Keloids are benign dermal fibroproliferative tumors with no malignant potential.  The first description of abnormal scar formation in the form of Keloids was recorded in the Smith Papyrus regarding surgical techniques in Egypt around 1700 B.C.  The actual term Keloid, means “crab claw” and was first coined by Alibert in 1806 in an attempt to illustrate the way lesions expand laterally from the original scar into normal tissue.  This distinction differentiates Keloids from Hypertrophic scars…Hypertrophic scars by definition are thicker scars that do not expand beyond the site of original injury.  Since that time physicians have characterized scars as Normal, Hypertrophic or Keloidal.

Keloids are firm, irregularly shaped, fibrous, hyperpigmented, pink or red excrescences.  The growths usually arise as a result of a cut, laceration, or burn–or less often an acne pustules on the chest or upper back.  The overlying epidermis is smooth, glossy, tender and thinned.  Early on the lesions are red and tender with a consistency of rubber.  It may be surrounded by an erythematous halo and may have telangiectasias.  Some lesions may be tender, painful and pruritic.  Rarely ulcerations or draining sinus tracts may occur.

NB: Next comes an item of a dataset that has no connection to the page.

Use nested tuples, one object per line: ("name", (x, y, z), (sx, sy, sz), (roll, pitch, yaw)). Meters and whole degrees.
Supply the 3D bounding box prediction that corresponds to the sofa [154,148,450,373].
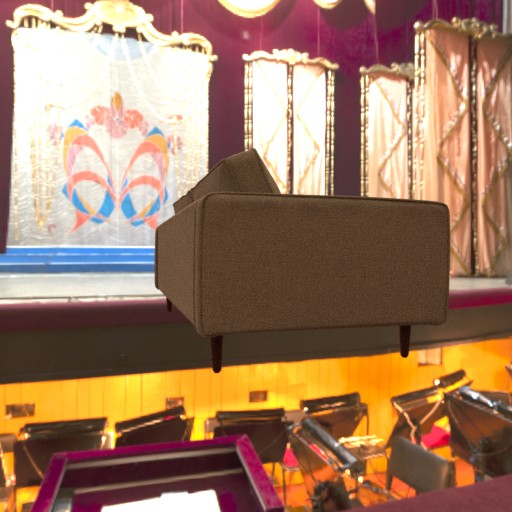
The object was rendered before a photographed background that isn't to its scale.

The most common areas involved include the sternum, neck, ears, extremities and trunk.  More rarely lesion may develop on the face, palms or soles.  The earlobes are often involved and are directly related to ear piercing.  Although keloids may occur in any ethnicity, black individuals are much more prone to developing Keloids.

Keloids are usually distinctive, and may be distinguished from hypertrophic scars by demonstrating clawlike projections which are not found in hypertrophic scars.  Hypertophic scars may show signs of improvement over months of observation, but this does not occur with Keloidal scars, which tend to do the opposite and increase in size and thickness with time.  Why certain individuals develop Keloids remains a mystery.  Trauma is usually the immediate causative factor, but this induces Keloids only in those individuals with a predisposition for them.

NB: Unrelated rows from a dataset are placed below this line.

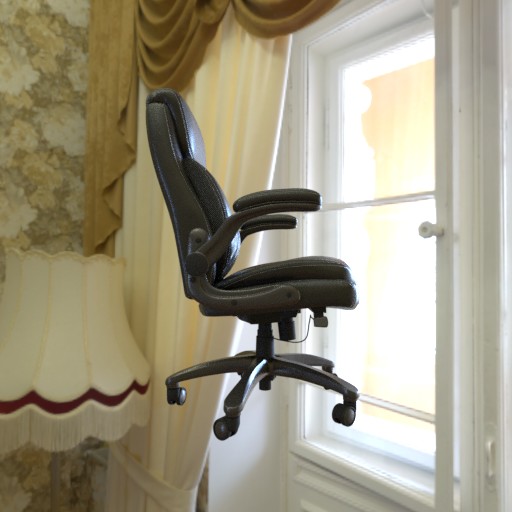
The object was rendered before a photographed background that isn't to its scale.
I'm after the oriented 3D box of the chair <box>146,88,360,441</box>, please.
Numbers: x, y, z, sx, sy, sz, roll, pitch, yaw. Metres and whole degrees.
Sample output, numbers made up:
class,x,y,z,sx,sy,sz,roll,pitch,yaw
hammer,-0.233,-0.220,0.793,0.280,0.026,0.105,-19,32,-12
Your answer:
class,x,y,z,sx,sy,sz,roll,pitch,yaw
chair,0.000,0.000,1.674,0.724,1.110,0.782,0,-1,-1

HISTOLOGY:  A Keloid demonstrates sharply defined nodular growths of myofibroblasts and collagen with a whorl like arrangement resembling hypertrophic scars.  Centrally  there is thickened hyalinized bundles of collagen which distinguishes Keloids from hypertrophic scars.  Elastic tissue is scanty, as demonstrated in most scars.  The pressure of the underlying tissue results in thinning of the normal papillary dermis and atrophy of adjacent appendages is frequently observed.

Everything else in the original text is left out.